Data records Block Start

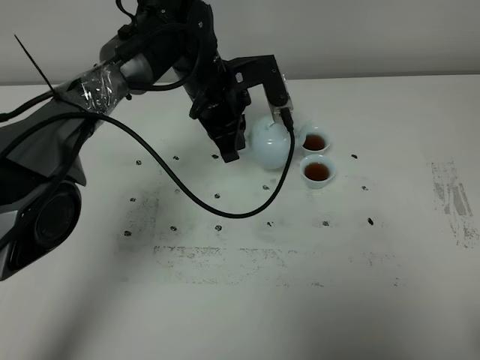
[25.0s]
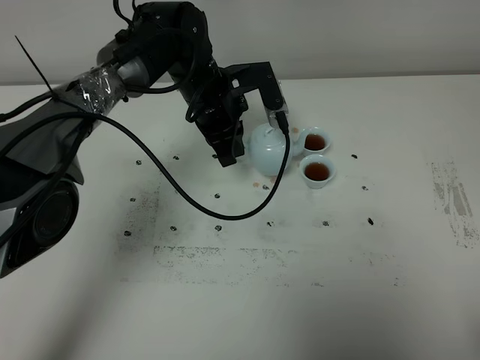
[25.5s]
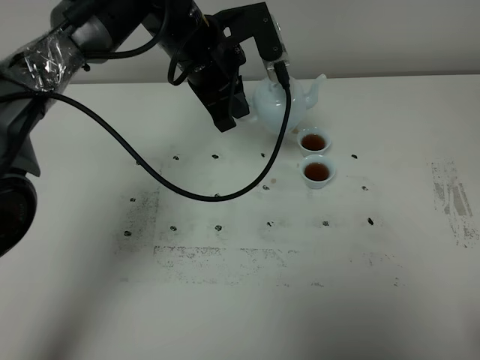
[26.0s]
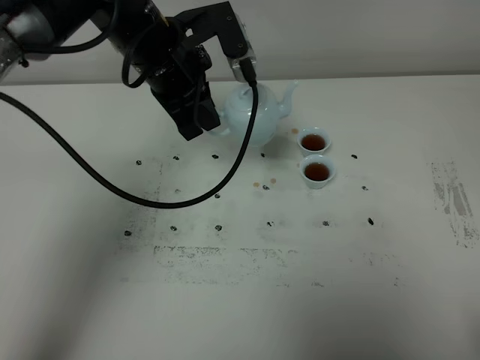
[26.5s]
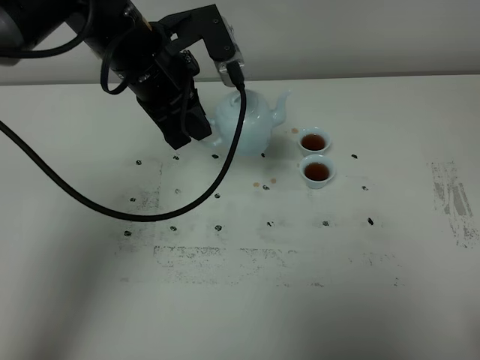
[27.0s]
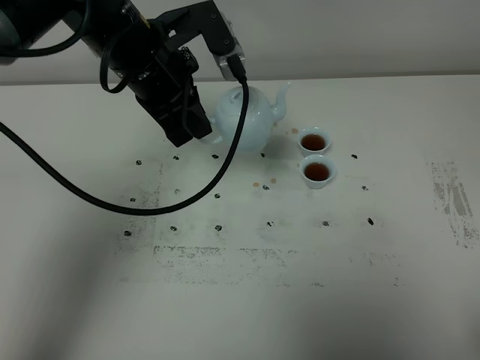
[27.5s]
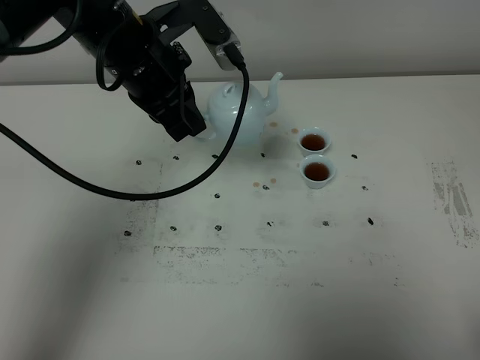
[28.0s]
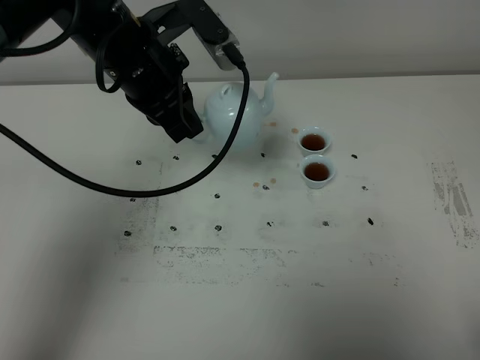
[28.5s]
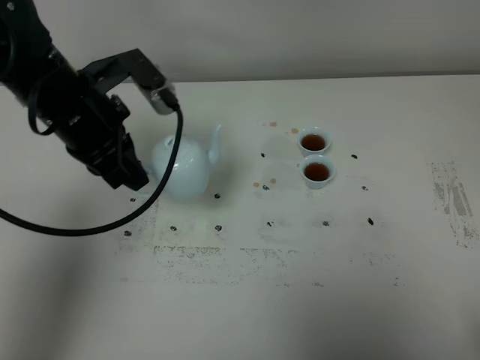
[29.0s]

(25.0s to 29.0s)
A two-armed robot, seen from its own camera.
Task of the whole recording: grasp the blue porcelain teapot and pour the tea into the two blue porcelain teacups one by one, put the blue porcelain teapot back in its original place.
25.0s - 27.0s: The left gripper is displaced upward, backward and to the left by some 15 cm.
27.0s - 29.0s: The left gripper travels to the left by approximately 10 cm.
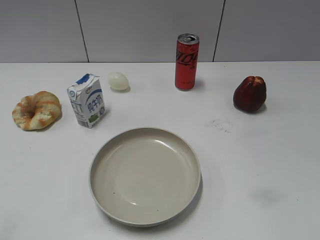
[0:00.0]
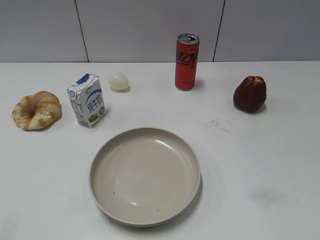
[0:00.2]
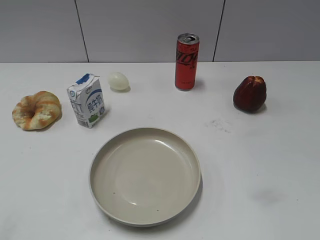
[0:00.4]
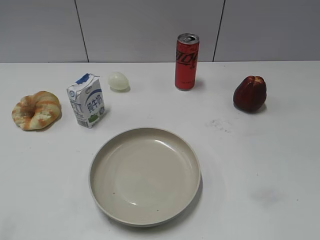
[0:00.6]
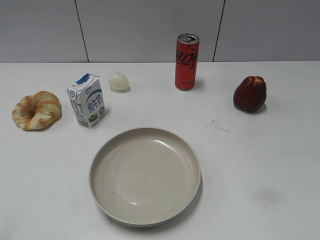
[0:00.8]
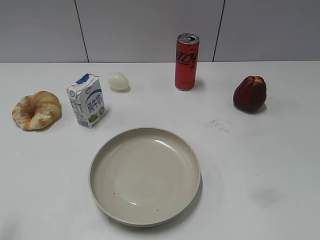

Data records Block End

→ What you will do
The response has to be an exact copy of all the data, pictures excluded.

→ Problem solution
[25.0s]
[25.5s]
[26.0s]
[26.5s]
[27.0s]
[27.5s]
[28.0s]
[28.5s]
[29.0s]

(25.0s to 29.0s)
A two-armed robot, seen from its own camera.
Task of the whole recording: grasp the blue porcelain teapot and pour the tea into the two blue porcelain teacups one by one, put the blue porcelain teapot back in its original place.
25.0s - 27.0s: The left gripper is displaced upward, backward and to the left by some 15 cm.
27.0s - 29.0s: The left gripper travels to the left by approximately 10 cm.
[0:00.0]
[0:00.2]
[0:00.4]
[0:00.6]
[0:00.8]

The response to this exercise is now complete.